(STUDY MATERIAL Opens)

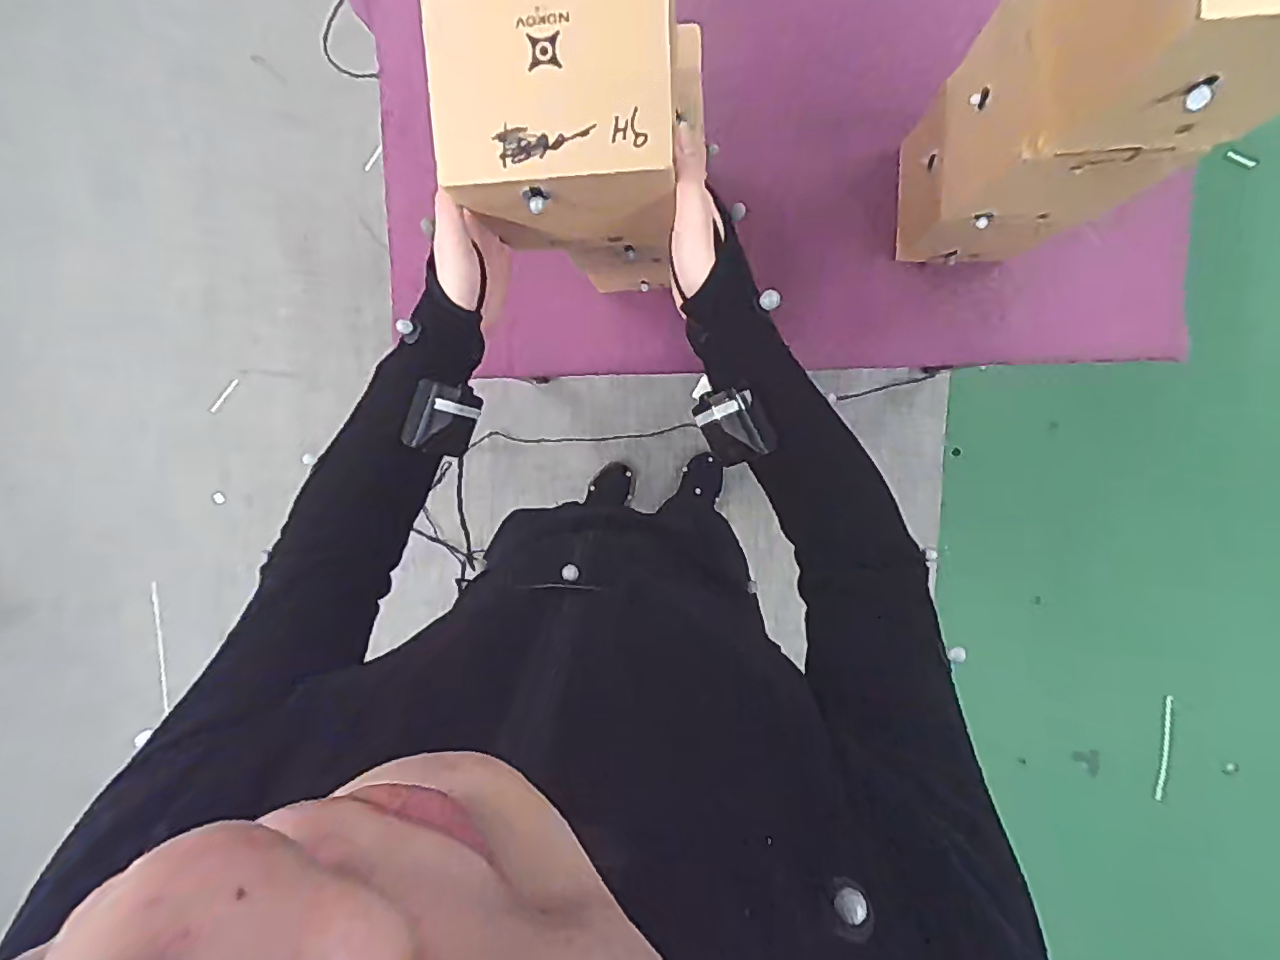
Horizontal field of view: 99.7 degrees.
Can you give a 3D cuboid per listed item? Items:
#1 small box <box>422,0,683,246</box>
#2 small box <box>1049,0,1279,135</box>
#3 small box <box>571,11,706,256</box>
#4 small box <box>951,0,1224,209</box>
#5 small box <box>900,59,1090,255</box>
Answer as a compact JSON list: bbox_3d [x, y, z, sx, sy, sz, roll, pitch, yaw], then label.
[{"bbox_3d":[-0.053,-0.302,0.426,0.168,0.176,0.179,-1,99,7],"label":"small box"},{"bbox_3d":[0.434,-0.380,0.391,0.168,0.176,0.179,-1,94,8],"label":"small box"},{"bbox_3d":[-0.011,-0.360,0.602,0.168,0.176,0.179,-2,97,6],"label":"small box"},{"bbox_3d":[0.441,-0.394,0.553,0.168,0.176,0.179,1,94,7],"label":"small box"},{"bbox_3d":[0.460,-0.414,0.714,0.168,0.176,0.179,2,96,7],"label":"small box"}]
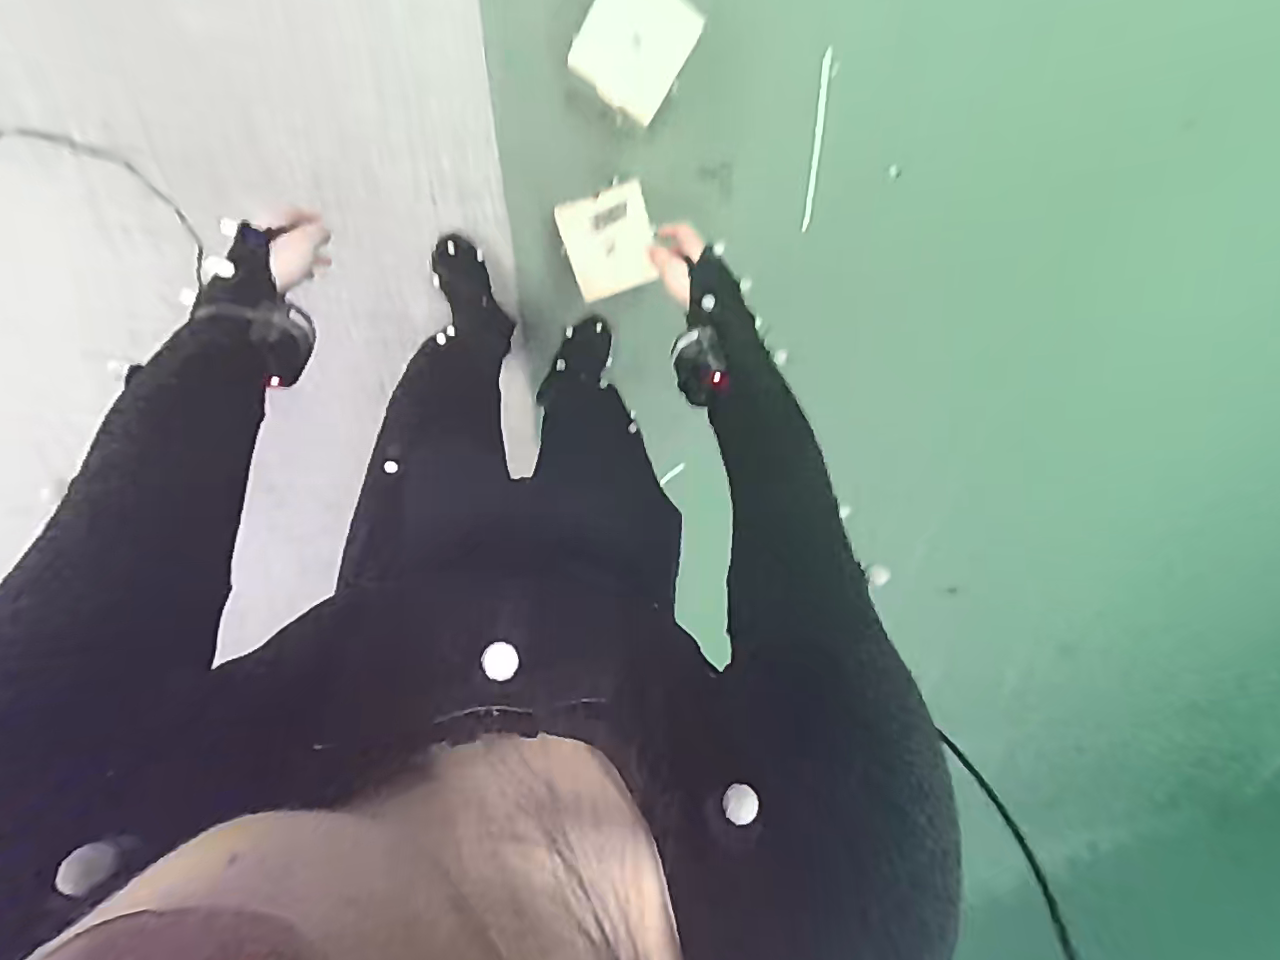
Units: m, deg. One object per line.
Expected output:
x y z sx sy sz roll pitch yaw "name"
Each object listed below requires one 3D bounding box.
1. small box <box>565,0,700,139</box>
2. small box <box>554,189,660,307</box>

(STUDY MATERIAL Closes)

■ EXERCISE GOAL
Give back, word for word, the lines from the one with "Each object listed" through the last line of the entries, both included, and no other line.

■ ANSWER AREA
Each object listed below requires one 3D bounding box.
1. small box <box>565,0,700,139</box>
2. small box <box>554,189,660,307</box>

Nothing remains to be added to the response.